Described anchor is by overlapping in the anchor, the anchor overcoat, upper bearing (metal), lower bearing and anchor yoke are formed, in anchor, establish upper bearing (metal) and lower bearing between cover and the anchor overcoat, cover links to each other with the newel top by adpting flange in the anchor, anchor yoke by anchor cable fixedly anchor be coated at ground; Or anchor is made up of central shaft, bearing unit, anchor disc, wherein establishes a central shaft at the anchor disc center, and there is a seam lower end of central shaft, central shaft is passed on the low bottom-disc rotary middle spindle of the main bearing that newel is packed in by seam; The top of central shaft is movably arranged on newel by bearing unit, and anchor disc is by anchor yoke, cable wire anchoring; This bearing unit is made up of overcoat, interior cover, radial ball bearing, and its overcoat is a flange arrangement, is packed in by bolt on the upper flanges of newel, and interior cover and central shaft are slidingly matched, and between overcoat and the interior cover radial ball bearing is arranged;
Described power transmission mechanism is the generator shaft joint, by splined shaft and spline housing suit, splined shaft is placed through the main thrust bearings chassis rotary middle spindle of main bearing, links to each other with newel by flange plate A, splined shaft passes through the spline B engagement of set spline boss of outer wall and inwall, and the input of speed reducer generator set is linked on the wheel in the spline housing below by flange plate D; Or described power transmission mechanism is made up of gear ring and transmission gear, and gear ring is installed on the main thrust bearings top bottom-disc of main bearing, and in transmitting gear engagement, transmits gear and be connected with the speed reducer generator set.

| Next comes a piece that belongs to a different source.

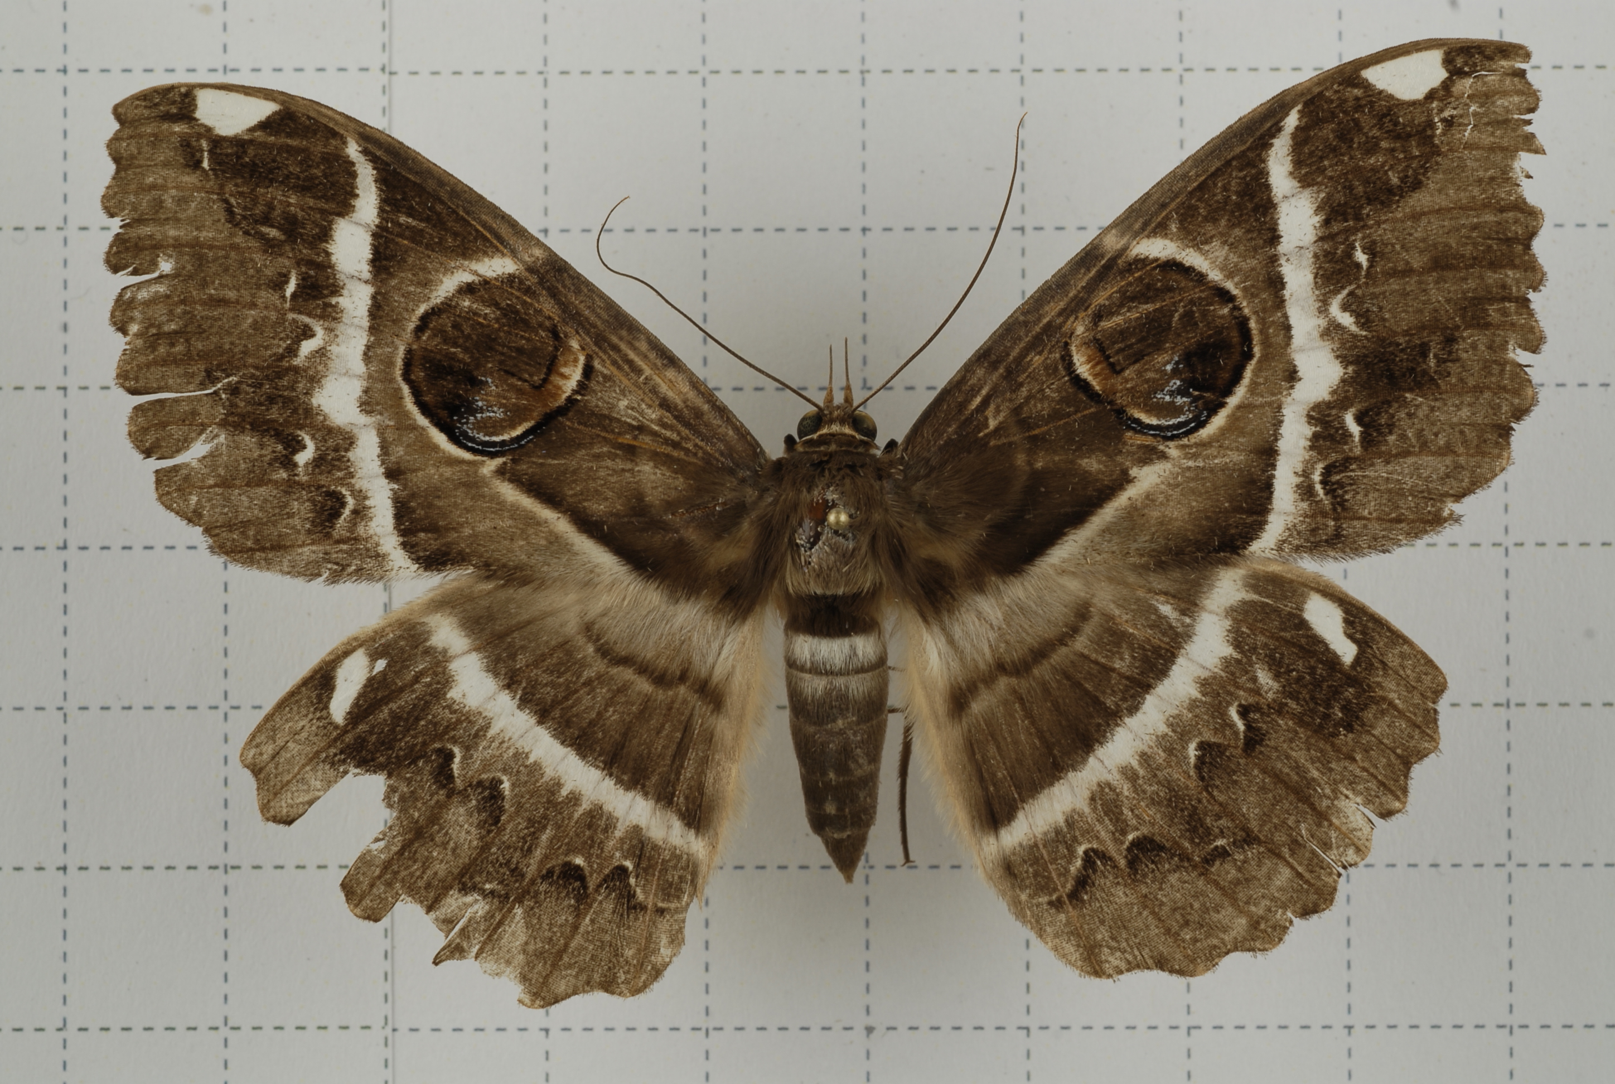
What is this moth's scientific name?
Erebus ephesperis
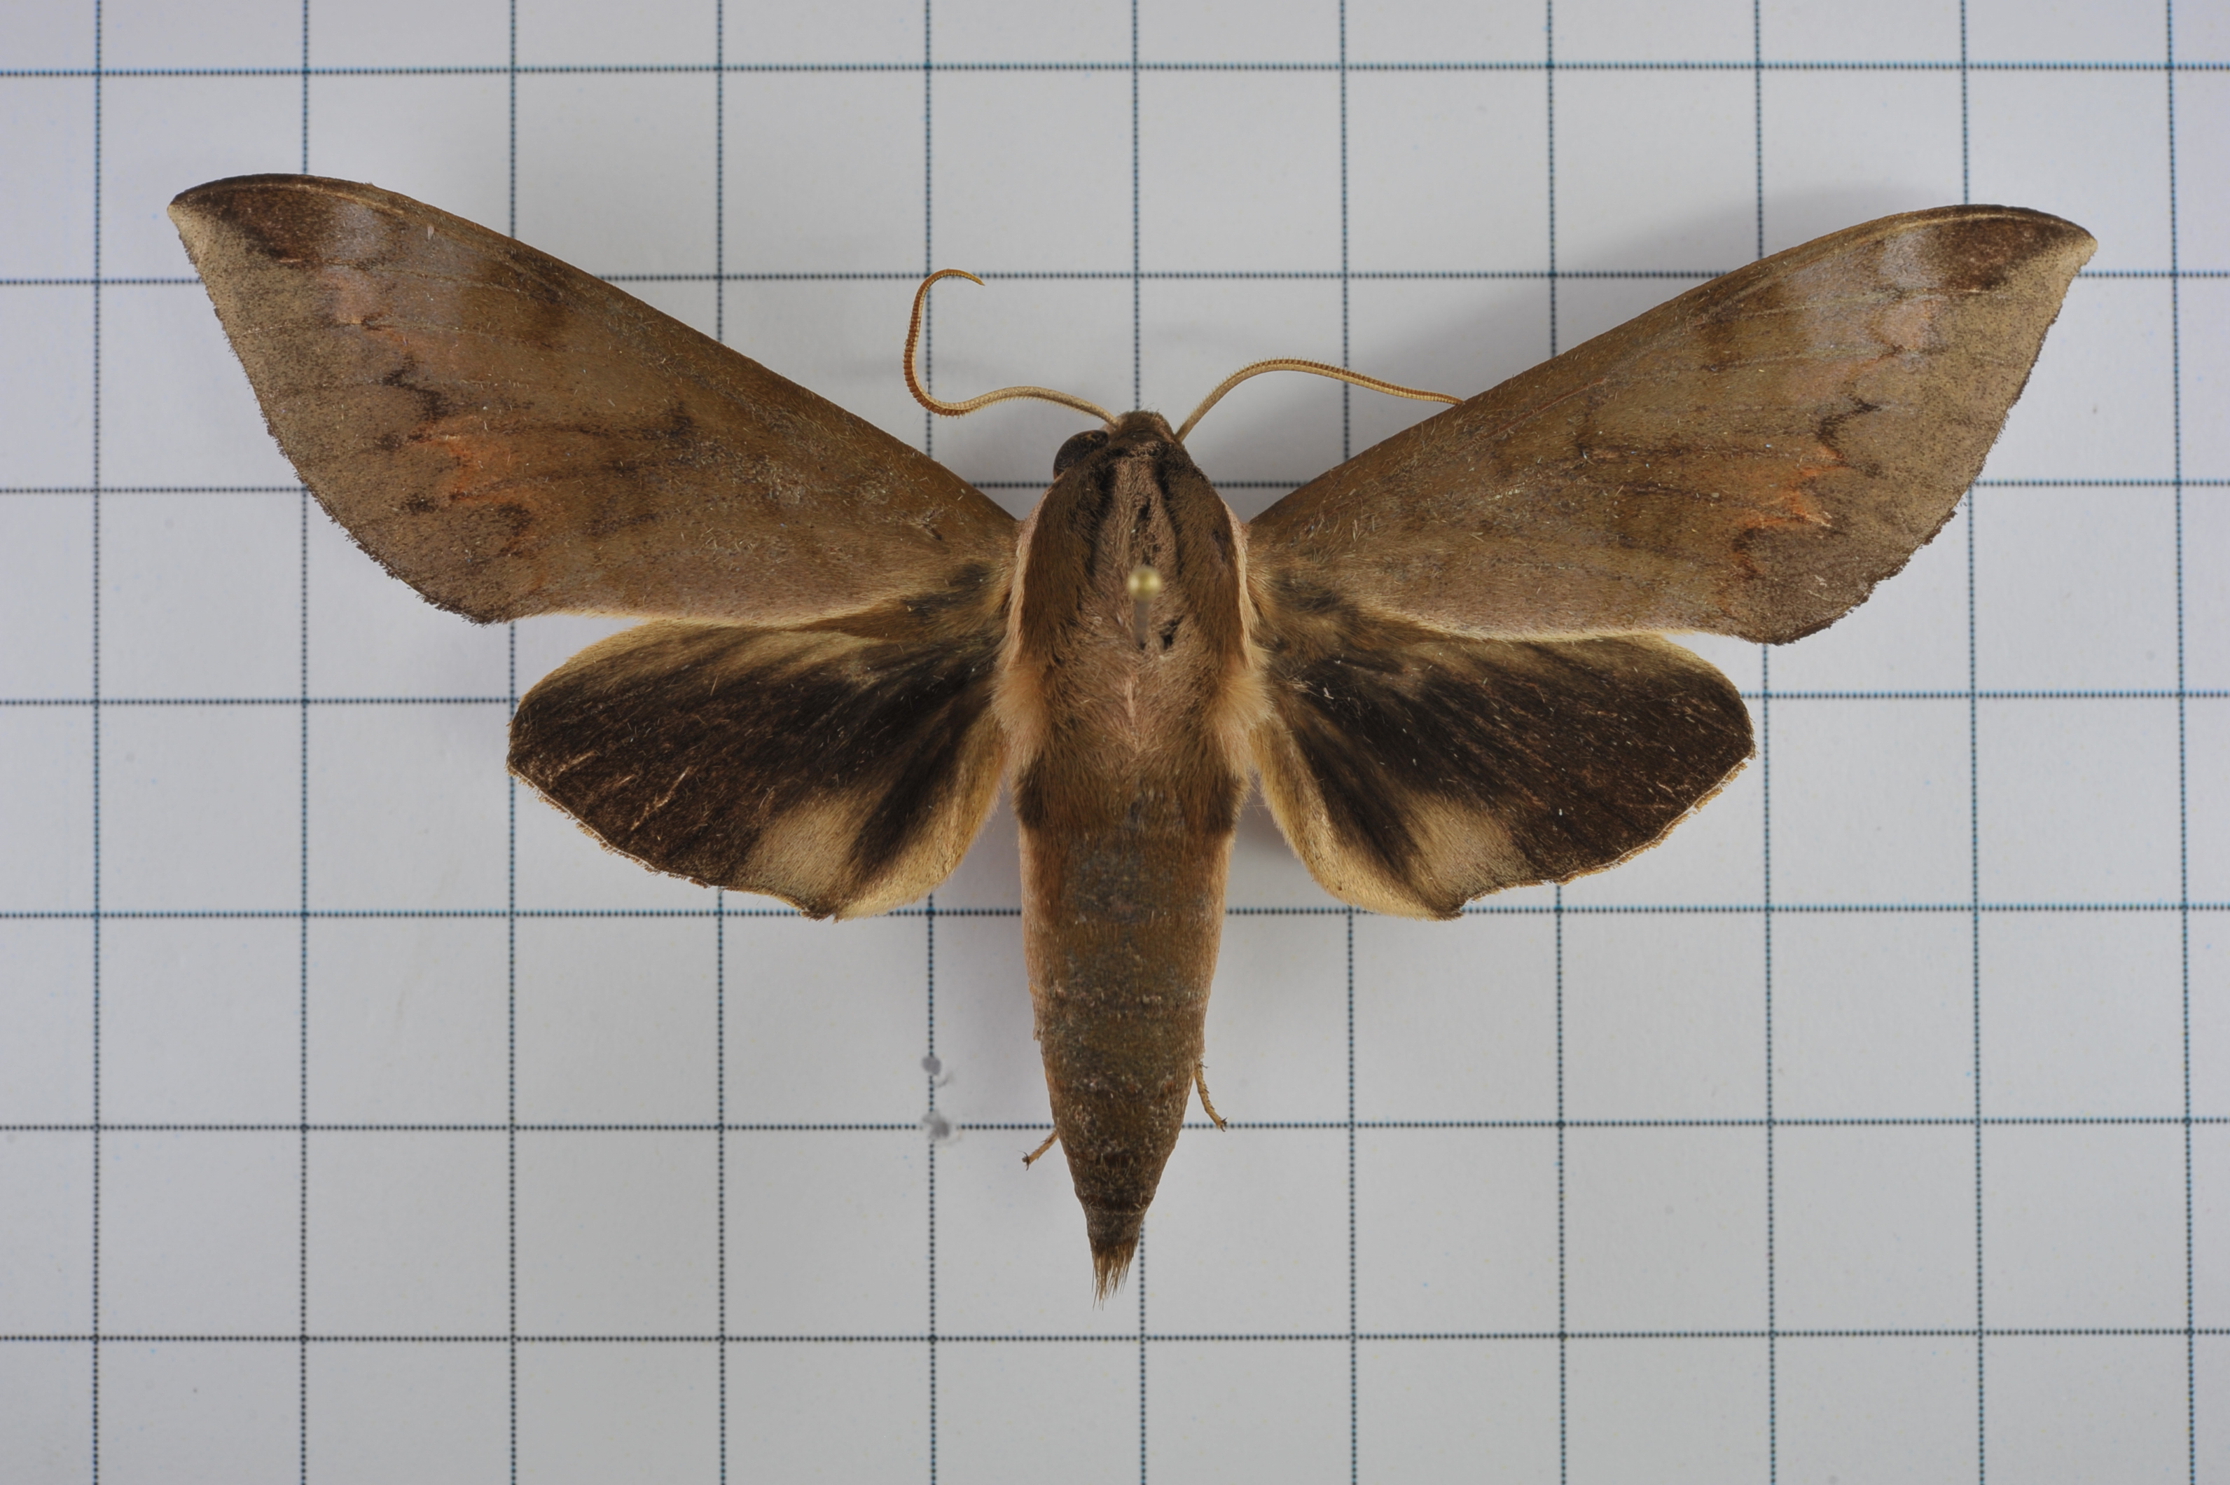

Compared with prior art the present invention has more following beneficial effect:
1. owing to the effect of anchor cable and auxiliary anchor pole, the good stability that the present invention is in operation uses material few, so cost is lower.
2. be arranged vertically the sail leaf, floor space is little, and the maximum speed that the sail leaf rotates is far below horizontal axis wind-driven generator, so the light pollution that noise and shade cause is much smaller than horizontal axis wind-driven generator.
3. the present invention has adopted the compound thrust-bearing technology of magnetic suspension that the energy loss of rotating part is reduced significantly on the main bearing of load maximum, has improved efficient and has reduced fault, thereby made things convenient for maintenance work.
4. the wind scale wide ranges that can utilize, effectively generating dutation is longer, good in economic efficiency.
Description of drawings
Fig. 1-1 is an overall structure schematic representation of the present invention.
Fig. 1-2 is among Fig. 1-1, main bearing and generator shaft joint scheme of installation on concrete pedestal.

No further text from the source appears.